Das Winterthurer Bezirksgericht hat am Mittwoch entschieden, den Fall eines 35-jährigen Pornoproduzenten neu aufzurollen. Er war angeklagt, bei Sado-Maso-Szenen das Leben der Darstellerinnen gefährdet zu haben.
Es hätte eine Formsache werden können: Der Mann war geständig, die Frauen gefährdet zu haben. Der Staatsanwalt beantragte dafür eine bedingte Freiheitsstrafe von 15 Monaten und eine Geldstrafe.
Weil der Beschuldigte mit dem Vorschlag einverstanden war, hätte das Gericht diesen Vorschlag einfach als Urteil verhängen können. Dieses abgekürzte Verfahren wurde eingeführt, um die Justiz zu beschleunigen.
Das Gericht wollte den Filmer aber nicht so einfach davonkommen lassen. Die Vorwürfe seien gravierend. Der Weg des geringsten Widerstands sei deshalb nicht angezeigt, begründete der Richter den Entscheid. Es bestehe zudem der Verdacht, dass der Mann eine Persönlichkeitsstörung habe. Der Staatsanwalt muss damit noch einmal von vorne anfangen.
Ein Bestrafungs-System für Angestellte
Angezeigt wurde der sehr korrekt wirkende Mann von einer Gespielin, die er im Jahr 2010 auf einem Bett festband. Obwohl diese «Disziplinierung» vereinbart worden war, entwickelte sie sich für die Frau zu einem unerfreulichen Ereignis. Statt nämlich nur für kurze Zeit den Raum zu verlassen, blieb der Beschuldigte ganze vier Stunden weg.
Weil sie gegen ihren Willen festgebunden war, zeigte die Frau ihn wegen Nötigung an. Die Dame habe das so gewollt, sagte der Beschuldigte am Mittwoch. Es tue ihm leid, wenn sie sich im Nachhinein anders entschieden habe. «Niemand soll leiden, der das nicht will.»
Bei der weiteren Befragung stellte sich heraus, dass das Anbinden Teil eines Bestrafungs-Systems für Angestellte war. Der Mann führte damals eine Bar, die im ehemaligen Tresorraum einer Bank eingerichtet war.

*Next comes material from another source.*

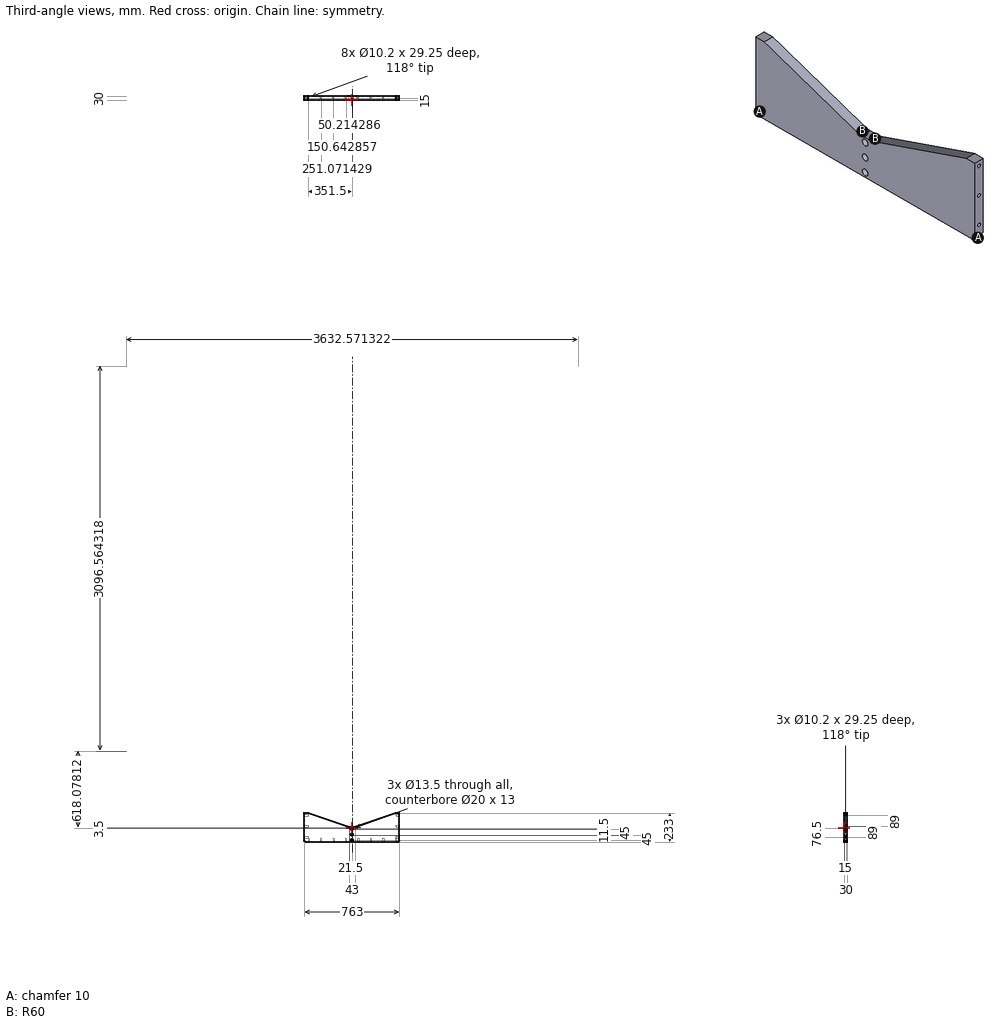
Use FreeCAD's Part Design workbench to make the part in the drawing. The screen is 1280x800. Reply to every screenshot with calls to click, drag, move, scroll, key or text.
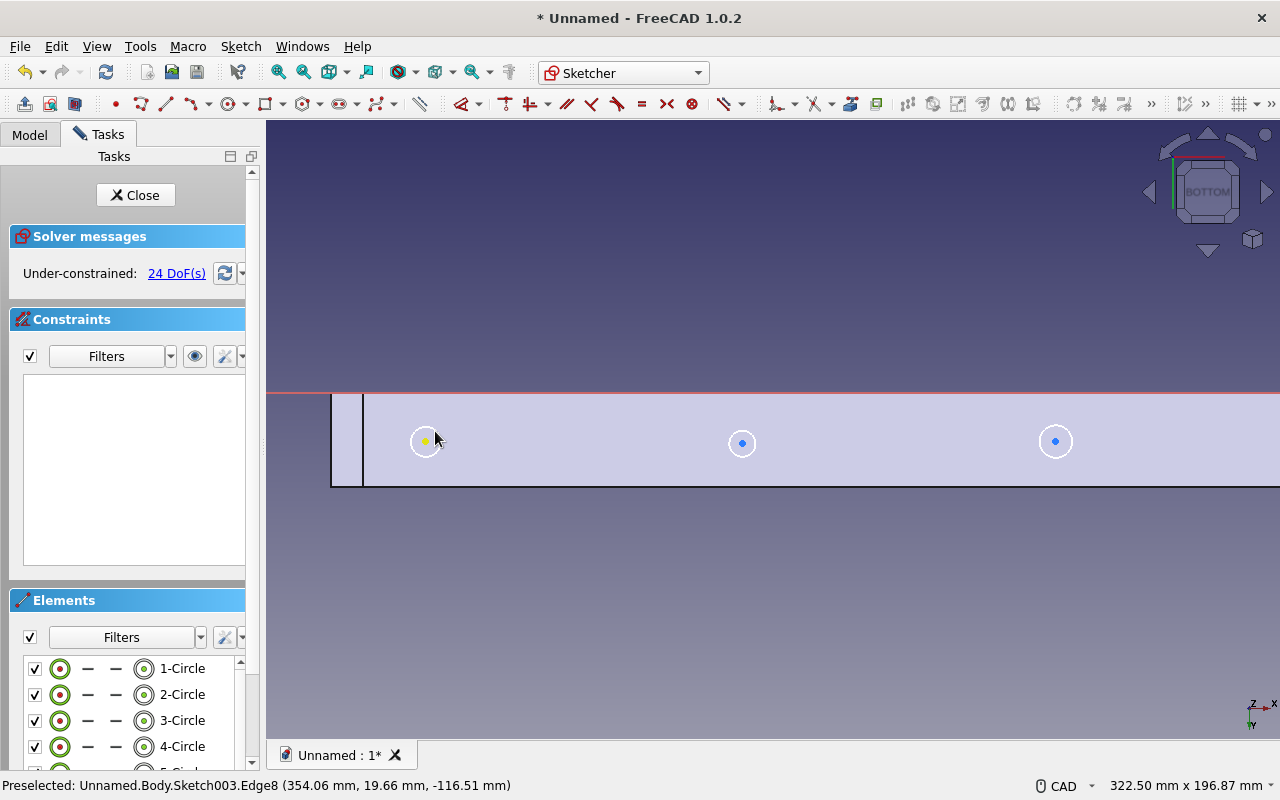
click(436, 431)

Wer «nicht genügend Performance» brachte, konnte sich «freiwillig bestrafen lassen». Teil dieses Führungs-Konzeptes war es auch, Mitarbeiterinnen in einen Käfig zu sperren.
Frau in Koffer gepackt
Auf den Hauptteil der Anklagepunkte stiessen die Ermittler erst, als sie einige der 150 Filme sichteten, die vom Beschuldigten produziert wurden. Sogar der Gutachter, ein Rechtsmediziner, konnte die Streifen «nur in sehr dosiertem Mass» ansehen. Er habe immer wieder Pausen machen müssen. Sein Urteil war aber klar: Es hätte böse enden können.
In mehreren Szenen wurden die Frauen ohnmächtig, weil sie über längere Zeit knien mussten oder an Armen und Beinen zusammengeschnürt waren. Eines der «Models», wie sie der Beschuldigte bezeichnet, wurde in Kauerhaltung in einen Rollkoffer gepackt. Dies hätte zum Erstickungstod führen können. Oft flossen Tränen.
«Die Frauen haben zwar freiwillig mitgemacht und wussten, um welche Art Filme es sich handelte. Dem Beschuldigten entglitt aber die Kontrolle über das Geschehen», sagte der Staatsanwalt auf Anfrage der sda. Der Mann habe damit in Kauf genommen, dass er mit seinen Handlungen das Leben anderer gefährde. Weil es sich dabei um ein Offizialdelikt handelt, wurden von Amtes wegen Ermittlungen eingeleitet. Keine der Frauen erstattete Anzeige.
Dass von den Darstellerinnen keine Anzeige einging, wundert den Beschuldigten nicht: Wer sich auskenne wisse, dass vieles in diesen Filmen nur gespielt sei. Zudem hätten die Damen jederzeit die Hoheit über die Handlungen und könnten das «Safe Word» sagen, ein vereinbarter Begriff, bei dem er alle Handlungen sofort abbreche, etwa «Chichihuahua».
Wie die Damen das «Safe Word» in geknebeltem oder ohnmächtigem Zustand sagen sollen, blieb allerdings im Dunkeln. Als Motivation für sein Filmschaffen gab der Informatiker «Kunst» an. Kunst habe viele Facetten. «Es muss ja nicht allen gefallen.»